Sudan has been hit by a scarcity of dollars that analysts say could get worse after South Sudan took away 75 percent of the 500,000 barrel of oil production when it became independent on July 9.

South Sudan relies on northern oil facilities and refineries to sell the oil but analysts say Khartoum will probably get less for usage fees from the South than the equal split of oil revenues agreed under a 2005 peace deal.

Falling oil revenues would make it more difficult for the north — where 80 percent of 40 million Sudanese live — to get foreign currency needed for imports in a country weighed down by years of conflict, high inflation and a U.S. trade embargo.

The central bank in Khartoum said it was able to meet a rising demand for dollars due to “speculators” and southerners who get their final paychecks in hard currency before returning home.

In July, the central bank poured more than $500 million into banks to stabilise the currency on the key black market at a rate of a dollar buying around 3.4 Sudanese pounds. This week some black market traders cited rates of 3.45 or 3.5, well below the official rate of around 3.

“Speculators of foreign currency through illegal and unlicensed channels will be imprisoned and face confiscation,” the central bank said in a statement.

Annual inflation was 15 percent in June after 9.8 percent in November when the central bank effectively devalued the pound to erase the need of a black market, a measure that has had little success.

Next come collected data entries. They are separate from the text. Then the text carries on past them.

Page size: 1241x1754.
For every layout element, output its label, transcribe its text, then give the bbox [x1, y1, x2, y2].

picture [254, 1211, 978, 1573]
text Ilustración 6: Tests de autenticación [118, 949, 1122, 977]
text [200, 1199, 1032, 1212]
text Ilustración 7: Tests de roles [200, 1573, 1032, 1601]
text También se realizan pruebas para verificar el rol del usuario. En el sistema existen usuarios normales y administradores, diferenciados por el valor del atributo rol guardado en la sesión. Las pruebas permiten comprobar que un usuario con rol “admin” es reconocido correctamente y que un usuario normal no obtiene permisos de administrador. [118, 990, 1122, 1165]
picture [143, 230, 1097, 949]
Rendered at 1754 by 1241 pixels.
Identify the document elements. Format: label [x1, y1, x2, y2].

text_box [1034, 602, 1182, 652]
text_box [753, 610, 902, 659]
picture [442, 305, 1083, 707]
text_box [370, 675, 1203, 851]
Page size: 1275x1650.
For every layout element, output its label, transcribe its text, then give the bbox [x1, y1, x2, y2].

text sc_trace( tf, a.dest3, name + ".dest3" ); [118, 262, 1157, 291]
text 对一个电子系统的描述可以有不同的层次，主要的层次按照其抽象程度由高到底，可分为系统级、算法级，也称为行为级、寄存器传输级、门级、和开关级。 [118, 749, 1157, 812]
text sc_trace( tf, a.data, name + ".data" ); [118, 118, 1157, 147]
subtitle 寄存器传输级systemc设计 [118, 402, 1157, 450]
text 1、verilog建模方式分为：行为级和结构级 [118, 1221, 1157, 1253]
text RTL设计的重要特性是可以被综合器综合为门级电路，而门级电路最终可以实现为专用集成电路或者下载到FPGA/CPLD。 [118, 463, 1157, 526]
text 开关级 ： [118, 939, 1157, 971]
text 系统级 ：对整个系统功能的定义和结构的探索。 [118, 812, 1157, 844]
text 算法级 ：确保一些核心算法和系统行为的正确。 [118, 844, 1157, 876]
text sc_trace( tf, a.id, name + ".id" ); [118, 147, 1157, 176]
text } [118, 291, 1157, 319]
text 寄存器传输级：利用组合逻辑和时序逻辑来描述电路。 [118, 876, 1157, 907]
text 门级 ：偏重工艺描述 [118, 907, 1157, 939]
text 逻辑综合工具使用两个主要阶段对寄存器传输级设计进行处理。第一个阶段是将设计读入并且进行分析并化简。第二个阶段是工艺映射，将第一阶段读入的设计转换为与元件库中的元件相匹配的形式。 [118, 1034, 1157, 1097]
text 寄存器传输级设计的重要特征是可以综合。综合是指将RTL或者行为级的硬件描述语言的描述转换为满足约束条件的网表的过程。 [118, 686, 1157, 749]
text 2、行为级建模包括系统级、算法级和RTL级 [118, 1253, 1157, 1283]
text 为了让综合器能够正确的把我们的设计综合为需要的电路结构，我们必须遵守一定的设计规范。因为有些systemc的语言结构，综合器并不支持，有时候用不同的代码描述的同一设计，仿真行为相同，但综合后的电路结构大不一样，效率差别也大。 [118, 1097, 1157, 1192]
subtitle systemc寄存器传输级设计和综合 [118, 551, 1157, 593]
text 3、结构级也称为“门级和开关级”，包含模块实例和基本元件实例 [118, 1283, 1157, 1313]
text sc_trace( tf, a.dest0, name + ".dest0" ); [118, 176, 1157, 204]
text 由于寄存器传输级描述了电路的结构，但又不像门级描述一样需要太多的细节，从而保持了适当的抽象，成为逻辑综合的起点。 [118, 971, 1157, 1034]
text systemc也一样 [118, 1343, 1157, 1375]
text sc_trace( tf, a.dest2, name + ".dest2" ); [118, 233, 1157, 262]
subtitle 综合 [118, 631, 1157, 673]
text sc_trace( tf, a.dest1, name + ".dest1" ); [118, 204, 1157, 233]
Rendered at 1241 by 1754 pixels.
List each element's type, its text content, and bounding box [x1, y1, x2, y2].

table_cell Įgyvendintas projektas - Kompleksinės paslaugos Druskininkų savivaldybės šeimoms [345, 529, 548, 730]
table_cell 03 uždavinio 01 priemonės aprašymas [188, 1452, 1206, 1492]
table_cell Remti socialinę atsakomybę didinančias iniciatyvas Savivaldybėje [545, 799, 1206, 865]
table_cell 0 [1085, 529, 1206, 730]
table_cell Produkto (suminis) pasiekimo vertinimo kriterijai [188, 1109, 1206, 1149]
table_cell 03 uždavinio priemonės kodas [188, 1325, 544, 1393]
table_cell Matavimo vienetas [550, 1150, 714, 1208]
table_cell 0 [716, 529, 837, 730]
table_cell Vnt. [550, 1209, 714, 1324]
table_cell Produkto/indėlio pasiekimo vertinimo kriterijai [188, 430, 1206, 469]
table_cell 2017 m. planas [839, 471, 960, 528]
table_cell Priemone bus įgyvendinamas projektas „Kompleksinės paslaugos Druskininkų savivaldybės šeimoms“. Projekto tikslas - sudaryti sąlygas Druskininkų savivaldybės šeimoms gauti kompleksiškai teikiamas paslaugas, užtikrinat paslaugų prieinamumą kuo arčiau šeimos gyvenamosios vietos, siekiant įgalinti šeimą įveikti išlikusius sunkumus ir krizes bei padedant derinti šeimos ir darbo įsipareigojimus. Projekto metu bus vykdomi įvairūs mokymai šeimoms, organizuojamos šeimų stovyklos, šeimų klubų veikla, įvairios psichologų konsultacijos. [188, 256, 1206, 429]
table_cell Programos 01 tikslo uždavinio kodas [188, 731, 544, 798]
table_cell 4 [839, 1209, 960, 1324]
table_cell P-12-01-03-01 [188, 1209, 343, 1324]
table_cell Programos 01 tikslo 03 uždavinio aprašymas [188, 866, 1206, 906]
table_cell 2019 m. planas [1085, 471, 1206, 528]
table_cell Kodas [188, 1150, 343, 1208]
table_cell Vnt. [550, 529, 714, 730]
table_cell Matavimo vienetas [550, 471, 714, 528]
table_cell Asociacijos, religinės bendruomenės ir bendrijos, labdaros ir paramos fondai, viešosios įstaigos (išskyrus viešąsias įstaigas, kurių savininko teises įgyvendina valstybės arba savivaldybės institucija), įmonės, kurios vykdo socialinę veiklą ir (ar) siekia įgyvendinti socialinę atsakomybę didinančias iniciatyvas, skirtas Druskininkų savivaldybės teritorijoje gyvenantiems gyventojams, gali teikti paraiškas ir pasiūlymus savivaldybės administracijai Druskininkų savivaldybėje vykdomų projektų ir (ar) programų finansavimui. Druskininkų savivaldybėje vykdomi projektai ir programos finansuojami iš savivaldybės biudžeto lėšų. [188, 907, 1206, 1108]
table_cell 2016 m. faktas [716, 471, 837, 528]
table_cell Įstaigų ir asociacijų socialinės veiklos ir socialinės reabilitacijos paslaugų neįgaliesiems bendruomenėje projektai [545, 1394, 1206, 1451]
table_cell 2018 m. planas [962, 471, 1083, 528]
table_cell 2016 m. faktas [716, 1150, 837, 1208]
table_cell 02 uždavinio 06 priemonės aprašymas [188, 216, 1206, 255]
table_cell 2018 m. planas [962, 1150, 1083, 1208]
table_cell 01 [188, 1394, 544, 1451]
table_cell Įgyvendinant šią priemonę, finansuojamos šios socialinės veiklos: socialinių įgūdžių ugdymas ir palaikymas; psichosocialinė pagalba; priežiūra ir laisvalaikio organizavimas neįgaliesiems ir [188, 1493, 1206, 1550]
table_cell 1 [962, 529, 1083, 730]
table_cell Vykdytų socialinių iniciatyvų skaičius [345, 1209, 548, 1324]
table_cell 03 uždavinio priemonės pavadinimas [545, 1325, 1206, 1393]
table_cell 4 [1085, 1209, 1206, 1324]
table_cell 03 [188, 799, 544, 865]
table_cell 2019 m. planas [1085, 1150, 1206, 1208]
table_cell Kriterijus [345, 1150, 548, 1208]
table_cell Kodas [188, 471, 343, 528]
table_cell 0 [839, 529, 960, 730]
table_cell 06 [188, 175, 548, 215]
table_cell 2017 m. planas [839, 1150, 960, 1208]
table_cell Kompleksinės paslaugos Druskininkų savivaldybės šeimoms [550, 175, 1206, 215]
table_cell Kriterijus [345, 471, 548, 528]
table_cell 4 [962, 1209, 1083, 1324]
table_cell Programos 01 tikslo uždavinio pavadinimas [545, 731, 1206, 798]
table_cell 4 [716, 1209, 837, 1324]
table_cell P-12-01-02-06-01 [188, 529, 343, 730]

Both Sudans are currently launching new currencies after the South became independent, moves that carry risks for both sides without coordination.

There is also no sign of progress how to share oil revenues in the future between the two countries. The North held last week a southern oil cargo in its Port Sudan terminal until Juba paid custom fees.

The South has rejected a northern proposal to charge a usage fee for its oil facilities of more than a third of the South’s current export value, based on Reuters calculations. (Reporting by Ulf Laessing)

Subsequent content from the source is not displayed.